Development of High-Throughput and Real-Time Methods for the Detection of Infective Enteric VirusesEPA Grant Number: R833008
Title: Development of High-Throughput and Real-Time Methods for the Detection of Infective Enteric Viruses
Investigators: Chen, Wilfred , Mulchandani, Ashok , Myung, Nosang V.
Current Investigators: Chen, Wilfred , Mulchandani, Ashok , Myung, Nosang V. , Yates, Marylynn V.
Institution: University of California - Riverside
EPA Project Officer: Page, Angela
Project Period: August 31, 2006 through August 30, 2009 (Extended to August 26, 2011)
Project Amount: $600,000
RFA: Development and Evaluation of Innovative Approaches for the Quantitative Assessment of Pathogens in Drinking Water (2005) RFA Text | Recipients Lists
Research Category: Drinking Water , Water
The main goal of this research is to improve on the current analytical methods for quantitative detection of infective enteric viruses, specifically the non-polio enteroviruses (NPEV), in drinking water. The overall objective of the research is to develop methods to provide high-throughput real-time detection and quantitation of infective enteric viruses from contaminated water. The specific objectives of this research are to: (1) Develop a new generation of molecular beacons (MBs) based on quantum dots as the fluorophore and gold nanoparticles as the quencher for improved sensitivity and multiplexing capability; (2) Develop a real-time method to probe and quantify infective enteric viruses using TAT- or transferrin-modified nuclease-resistant MBs in infected cell lines without permeabilization; (3) Develop a genetically engineered cell line to probe and quantify infective enteric viruses by generating a protease-sensitive FRET protein pair using an improved CFP-YFP pair; (4) Evaluate the use of flow cytometry for high-throughput sample processing; and (5) Evaluate the above methods to rapidly detect and quantify the presence of infective NPEV in environmental water samples.

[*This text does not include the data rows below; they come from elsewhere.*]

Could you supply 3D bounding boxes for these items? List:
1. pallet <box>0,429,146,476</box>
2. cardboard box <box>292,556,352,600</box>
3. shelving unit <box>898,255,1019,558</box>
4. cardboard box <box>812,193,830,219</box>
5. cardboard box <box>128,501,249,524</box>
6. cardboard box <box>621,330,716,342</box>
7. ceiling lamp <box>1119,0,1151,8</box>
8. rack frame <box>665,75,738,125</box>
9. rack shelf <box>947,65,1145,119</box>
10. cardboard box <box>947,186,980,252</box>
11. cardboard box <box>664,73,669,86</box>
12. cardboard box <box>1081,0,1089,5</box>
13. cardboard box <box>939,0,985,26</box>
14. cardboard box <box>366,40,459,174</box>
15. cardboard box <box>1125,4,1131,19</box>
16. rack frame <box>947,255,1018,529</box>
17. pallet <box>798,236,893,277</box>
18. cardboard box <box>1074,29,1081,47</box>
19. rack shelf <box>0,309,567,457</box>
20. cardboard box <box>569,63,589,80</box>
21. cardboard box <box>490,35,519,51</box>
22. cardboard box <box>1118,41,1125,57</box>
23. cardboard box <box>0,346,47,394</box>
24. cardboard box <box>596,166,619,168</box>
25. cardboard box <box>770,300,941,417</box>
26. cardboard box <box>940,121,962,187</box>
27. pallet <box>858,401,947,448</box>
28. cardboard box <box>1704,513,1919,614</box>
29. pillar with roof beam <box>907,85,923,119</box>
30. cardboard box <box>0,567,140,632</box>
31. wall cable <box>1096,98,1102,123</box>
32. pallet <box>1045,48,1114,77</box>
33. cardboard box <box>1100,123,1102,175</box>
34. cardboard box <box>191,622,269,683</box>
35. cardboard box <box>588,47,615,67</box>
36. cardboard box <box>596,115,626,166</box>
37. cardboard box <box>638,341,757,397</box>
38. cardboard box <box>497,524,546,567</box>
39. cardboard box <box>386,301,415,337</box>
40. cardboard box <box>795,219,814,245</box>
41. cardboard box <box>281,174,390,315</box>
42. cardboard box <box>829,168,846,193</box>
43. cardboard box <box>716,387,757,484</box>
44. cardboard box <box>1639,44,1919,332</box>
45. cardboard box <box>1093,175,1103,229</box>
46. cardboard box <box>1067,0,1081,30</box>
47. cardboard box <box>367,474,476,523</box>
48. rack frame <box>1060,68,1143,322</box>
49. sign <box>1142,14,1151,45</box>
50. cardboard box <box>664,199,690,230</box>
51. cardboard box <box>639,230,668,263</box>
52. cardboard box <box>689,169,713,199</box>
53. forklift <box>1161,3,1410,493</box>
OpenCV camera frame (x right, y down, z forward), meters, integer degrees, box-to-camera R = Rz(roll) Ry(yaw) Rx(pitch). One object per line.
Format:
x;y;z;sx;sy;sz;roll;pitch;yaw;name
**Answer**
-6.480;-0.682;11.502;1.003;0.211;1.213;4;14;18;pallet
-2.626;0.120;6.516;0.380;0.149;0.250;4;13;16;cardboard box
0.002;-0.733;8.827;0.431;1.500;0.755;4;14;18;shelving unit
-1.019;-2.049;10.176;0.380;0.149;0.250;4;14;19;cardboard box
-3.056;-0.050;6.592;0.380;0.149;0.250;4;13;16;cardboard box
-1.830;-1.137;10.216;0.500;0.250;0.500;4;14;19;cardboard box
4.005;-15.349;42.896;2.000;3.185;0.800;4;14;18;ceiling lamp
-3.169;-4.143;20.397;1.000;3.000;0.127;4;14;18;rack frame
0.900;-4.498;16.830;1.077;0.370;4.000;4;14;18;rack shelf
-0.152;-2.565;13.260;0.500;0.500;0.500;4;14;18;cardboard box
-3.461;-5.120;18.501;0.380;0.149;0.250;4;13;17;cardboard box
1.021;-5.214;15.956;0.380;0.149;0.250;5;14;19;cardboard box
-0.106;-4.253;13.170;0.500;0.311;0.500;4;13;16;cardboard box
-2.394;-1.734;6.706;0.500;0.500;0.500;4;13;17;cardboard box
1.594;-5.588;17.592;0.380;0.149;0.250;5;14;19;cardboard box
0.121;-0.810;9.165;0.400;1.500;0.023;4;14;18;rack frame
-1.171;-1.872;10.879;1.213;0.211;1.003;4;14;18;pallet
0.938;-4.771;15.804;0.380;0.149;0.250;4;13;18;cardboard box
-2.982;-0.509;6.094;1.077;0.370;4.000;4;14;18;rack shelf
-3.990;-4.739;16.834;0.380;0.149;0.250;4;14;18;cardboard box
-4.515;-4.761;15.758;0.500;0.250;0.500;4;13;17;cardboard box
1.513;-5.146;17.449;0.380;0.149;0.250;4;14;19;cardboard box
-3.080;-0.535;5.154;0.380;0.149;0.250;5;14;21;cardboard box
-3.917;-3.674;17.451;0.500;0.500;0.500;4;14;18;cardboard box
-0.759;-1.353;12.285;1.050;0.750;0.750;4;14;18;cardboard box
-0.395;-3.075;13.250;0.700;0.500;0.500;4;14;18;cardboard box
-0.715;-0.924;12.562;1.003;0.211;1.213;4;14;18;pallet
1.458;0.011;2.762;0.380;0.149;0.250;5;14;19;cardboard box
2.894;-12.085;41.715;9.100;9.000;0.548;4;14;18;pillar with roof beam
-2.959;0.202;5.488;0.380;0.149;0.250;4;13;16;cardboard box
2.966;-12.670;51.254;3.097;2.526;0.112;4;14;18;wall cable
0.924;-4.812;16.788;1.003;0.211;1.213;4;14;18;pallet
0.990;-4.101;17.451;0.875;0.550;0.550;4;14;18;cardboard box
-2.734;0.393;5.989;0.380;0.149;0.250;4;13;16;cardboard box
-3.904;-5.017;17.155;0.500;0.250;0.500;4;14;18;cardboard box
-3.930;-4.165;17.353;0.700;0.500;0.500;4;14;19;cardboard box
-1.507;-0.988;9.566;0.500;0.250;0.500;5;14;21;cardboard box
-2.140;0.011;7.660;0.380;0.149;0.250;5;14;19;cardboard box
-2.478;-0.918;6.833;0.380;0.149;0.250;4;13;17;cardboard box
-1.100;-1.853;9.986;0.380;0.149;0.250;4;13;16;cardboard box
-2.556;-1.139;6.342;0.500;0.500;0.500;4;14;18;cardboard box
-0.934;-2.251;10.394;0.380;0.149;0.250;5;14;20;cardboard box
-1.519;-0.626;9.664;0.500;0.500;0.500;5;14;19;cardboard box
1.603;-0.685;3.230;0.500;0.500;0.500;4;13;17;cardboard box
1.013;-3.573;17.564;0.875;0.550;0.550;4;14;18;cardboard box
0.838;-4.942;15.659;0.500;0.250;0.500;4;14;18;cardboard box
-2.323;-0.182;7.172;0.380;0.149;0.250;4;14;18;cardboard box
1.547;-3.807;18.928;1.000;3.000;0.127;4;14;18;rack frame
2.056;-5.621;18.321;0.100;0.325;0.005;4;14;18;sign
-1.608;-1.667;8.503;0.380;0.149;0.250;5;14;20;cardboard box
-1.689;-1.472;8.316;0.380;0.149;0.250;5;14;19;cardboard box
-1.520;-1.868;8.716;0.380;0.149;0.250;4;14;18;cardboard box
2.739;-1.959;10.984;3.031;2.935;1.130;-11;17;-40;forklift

The research approach will include in-vivo real-time monitoring of the virus replication in (1) infected BGMK cells using improved nuclease-resistant molecular beacons with quantum dots as the donor and gold nanoparticles as the quencher delivered uniformly to the entire cell population by either TAT or transferrin cell penetrating proteins that will eliminate the need for cell fixing and permeabilizing, (2) genetically engineered cell lines with protease-sensitive protein FRET pair to detect only infective/culturable viruses. We will also explore the use of fluorescence-activated cell sorter for high-throughput, sensitive, selective and rapid analysis, in less than 4 h. The developed protocols will be tested on seeded and unseeded drinking water samples to enable an assessment of the sensitivity of the methods to inhibitors present in environmental waters. The specificity and quantitative capability of the protocols will be assessed by comparing results to standard quantitative cell culture analysis.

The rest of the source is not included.